LACATON Y VASSAL PREMIOS MIES VAN DER ROHE

They did it. Lacaton & Vassal1 yesterday at last received the EU Mies van der Rohe Award for the best European work of 2019, for their remodelling of a 530-dwelling social housing block in Bordeaux. Rarely have an architecture award’s objectives been so clearly reflected in the winning design. The jury was spoilt for arguments with which to justify the verdict – despite the extremely high level of all the works competing in this biennial competition.

The two French architects, who have successfully cultivated and maintained a very consistent line of research since they completed their Latapie House in 1993, are admirably coherent in all their designs. However, despite having managed to get several works shortlisted for the EU Mies Award – 2 nominations, 2 finalists and 7 proposals since 1996 -, it has taken them 23 years to pick up this first prize. It’s never too late if the “building” is a good one!

 “User-focussed” architecture.  That’s not just an empty set phrase, churned out because it’s what others want to hear. Quite the contrary. Lacaton & Vassal teach by example, and that’s why they’re so convincing. Their talent lies more in what you can’t see than in what you can see. They have a prodigious capacity to grasp all the implications of sites and commissions, i.e., the circumstances of each project. They study climate, noise, vegetation, local housing customs and the brief. But in those respects, the same can be said of many architects. The distinguishing thing about Lacaton & Vassal is the way they interpret pre-existing situations and come up with imaginative housing models to improve locations and needs programmes. Their criterium is always to offer a bonus, that little bit of “extra space” that enhances buildings with unexpected  additions.

They first started doing that in their single-family dwellings, “deforming” the rigid austerity of the domestic programme by juxtapositioning an “extra space” in the form of a “conservatory”, an enclosed extension to the living area capable of regulating and improving the home’s comfort. And that was how their whole discourse came into being. There were no pretentious pontifications about energy efficiency, like those which are used to justify a lot of today’s poor architecture.

Those added spaces, which were sometimes – like in the Latapie House (1993), the house in Coutras (2000), and the homes in Mulhouse (2005) – as big as the house itself, showed the architects how to meet their users’ most human needs. And it was the application of this “extra space” strategy to social housing, in this case some housing blocks built in Bordeaux during the developmentalist period, that finally won them the prize yesterday.

Their winning project was the mise-en-scène of their most ambitious (theoretical) project:  PLUS2. Commissioned by the French Ministry of Communication and Culture in 2004, their research into the obsolescence of housing in areas on the outskirts of French cities concluded that existing housing should be refurbished and made use of.  Despite the vested interests generated, the best bet was (and is) to recycle such buildings rather than knocking them down, but to do that an architectural project had to deliver a noticeable improvement in each user’s home: an improvement that would be worth the effort. And theirs did.

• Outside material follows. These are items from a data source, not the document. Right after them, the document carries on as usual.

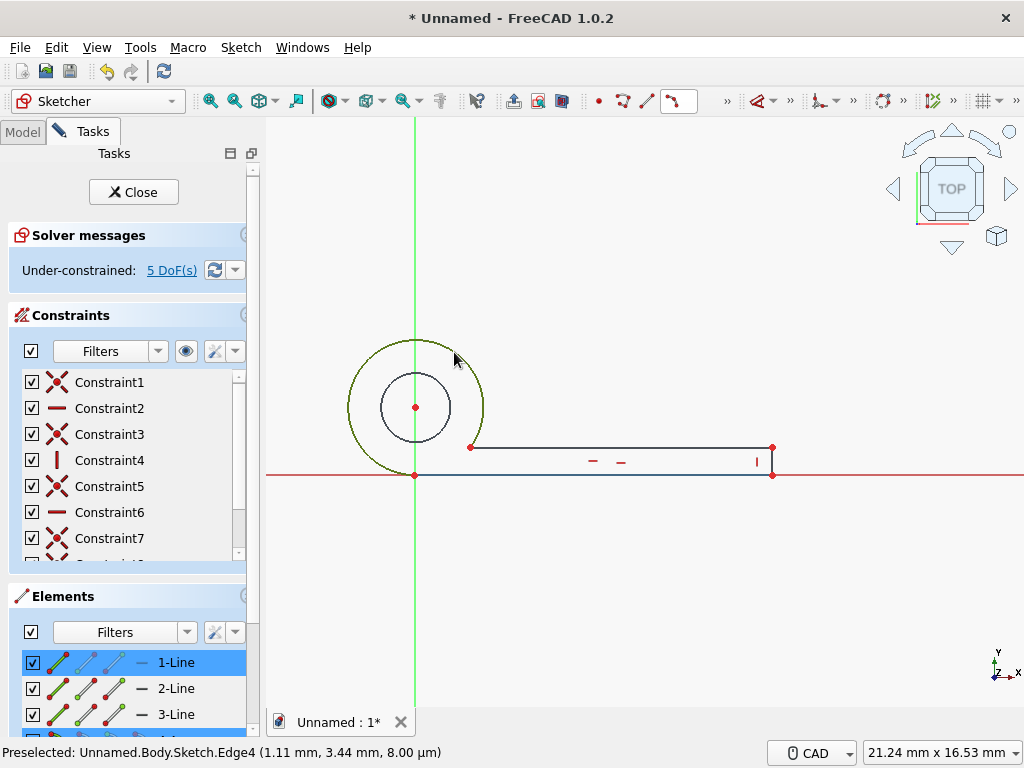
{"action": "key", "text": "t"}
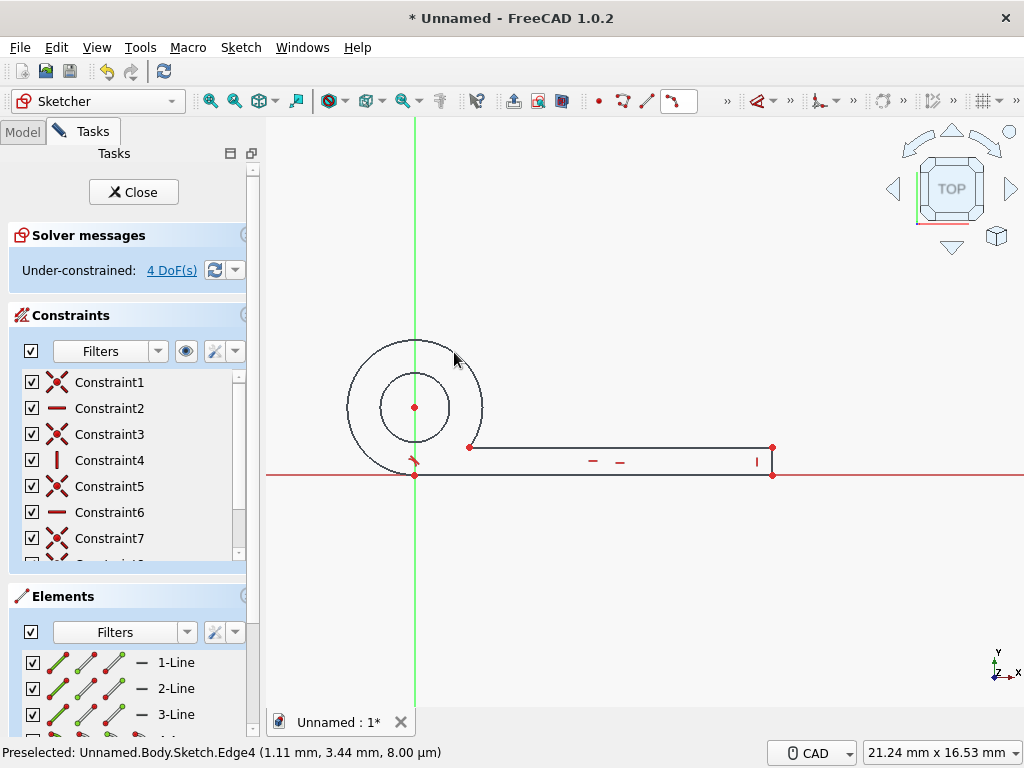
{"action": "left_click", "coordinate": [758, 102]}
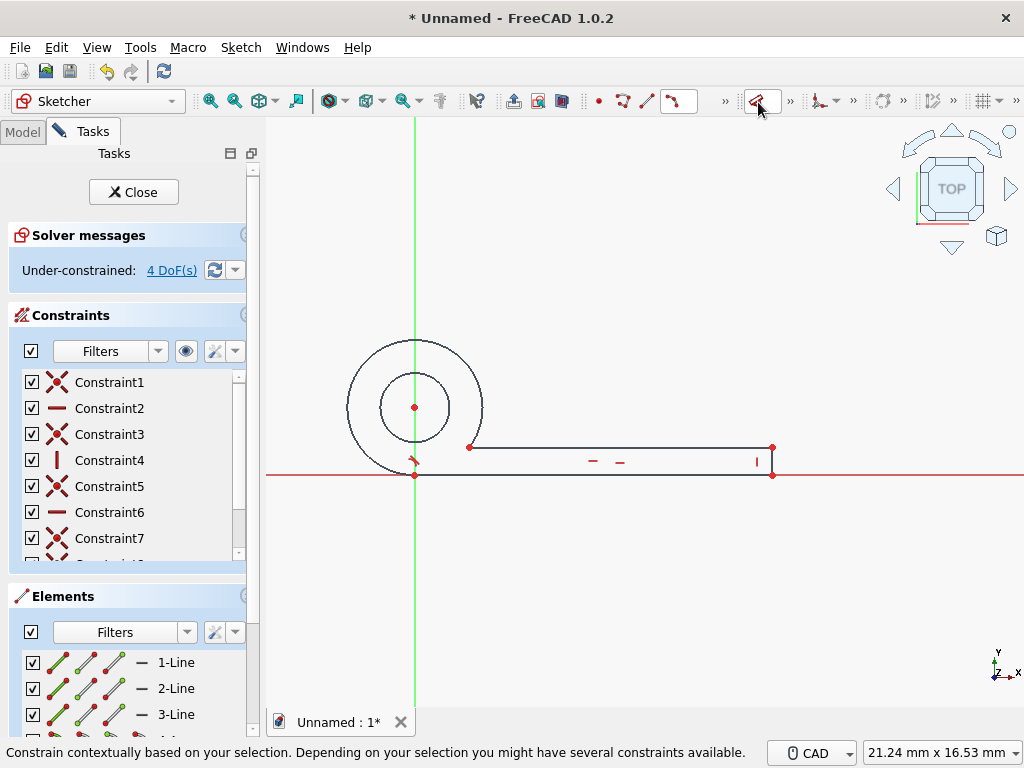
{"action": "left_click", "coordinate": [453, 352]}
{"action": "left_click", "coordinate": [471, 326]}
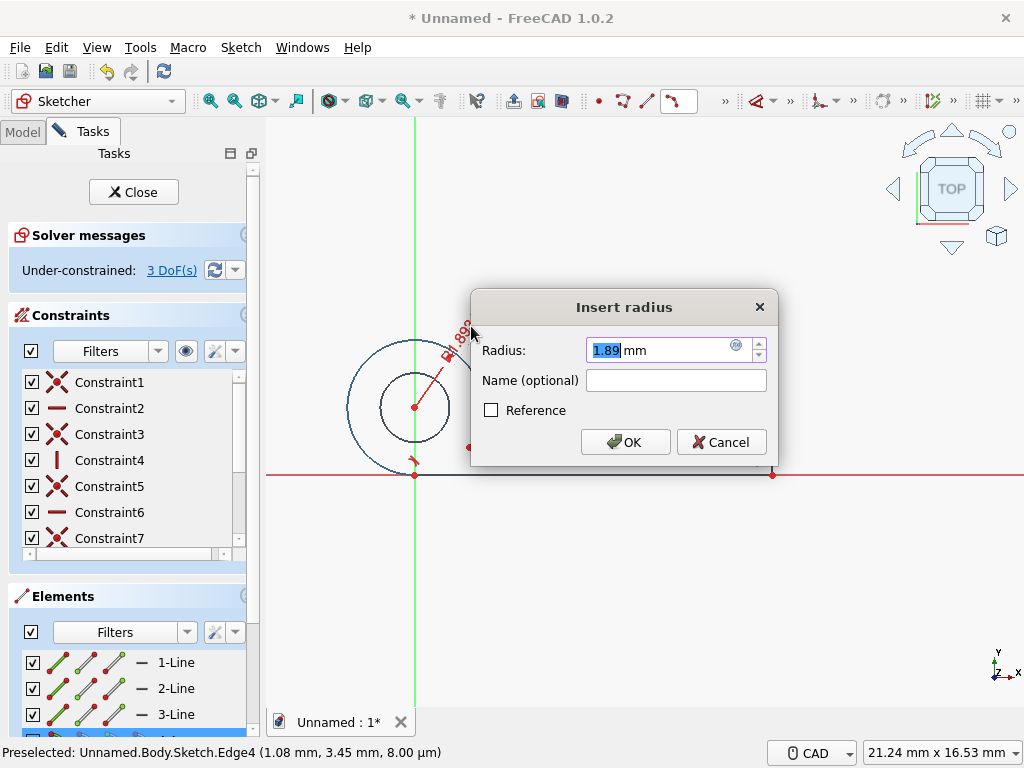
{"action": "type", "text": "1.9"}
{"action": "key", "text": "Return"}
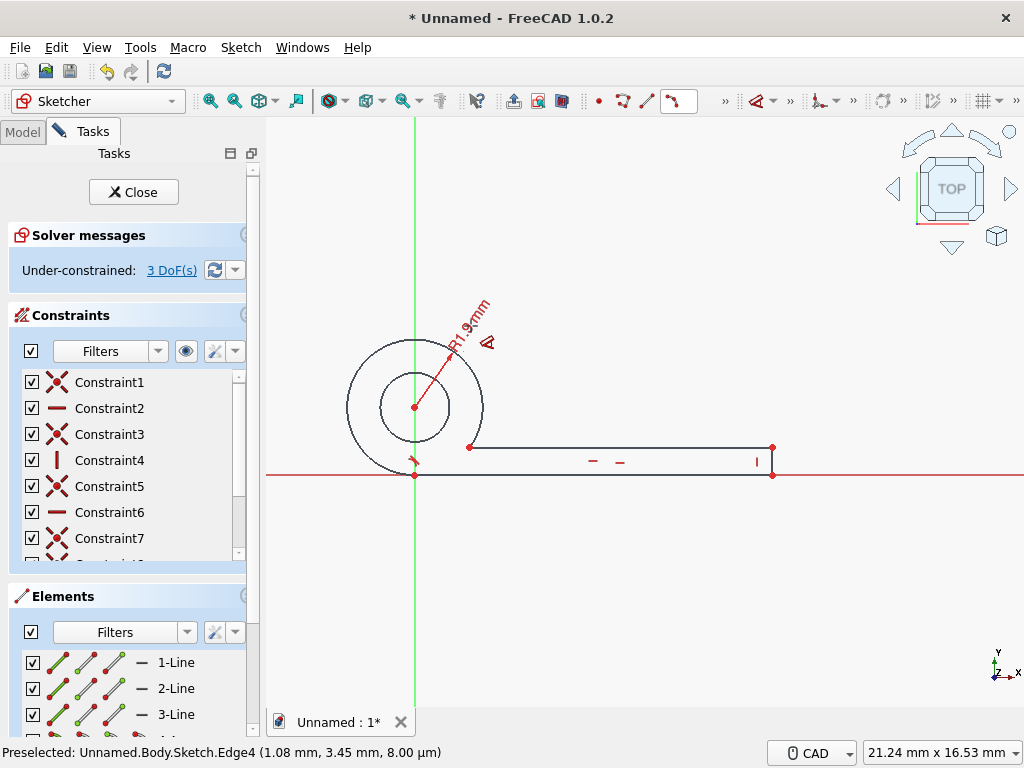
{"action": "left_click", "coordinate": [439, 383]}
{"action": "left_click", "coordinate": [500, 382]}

The addition of a climatic buffer zone, a simple,  continuous gallery running around each apartment, generated a new spatial relationship between rooms and improved the whole block’s energy behaviour. With the full collaboration of all the agents involved (administrative authorities, architects and users), each dwelling was renovated for around 50,000€. This was made possible by an increase in the buildable potential of the blocks, which contributed directly to improving human living standards by augmenting the meagre number of rooms available and establishing a much more respectable relationship with the urban environment. Everyone is a winner thanks to this joint commitment.

The winning work would have to be a model for any city wishing to responsibly address the renewal of urban and architectural quality in consolidated suburban areas. It was a question of making the regulations more flexible and going beyond the simple “green” discourse that exalts “intelligent buildings” – buildings that completely overlook the intelligence of their users. And it needed to be done to turn those poorly designed buildings dating back more than half a century into a sustainable heritage that we can’t afford to abandon, not even because the construction industry needs to build brand new housing blocks . Alternatives do exist, and this project in Bordeaux is a shining example.  Take note, you politicians, you who now – with the whiff of a general election in the air – seem so concerned about your constituents. Be brave and allow more “special status zones” like this in our cities.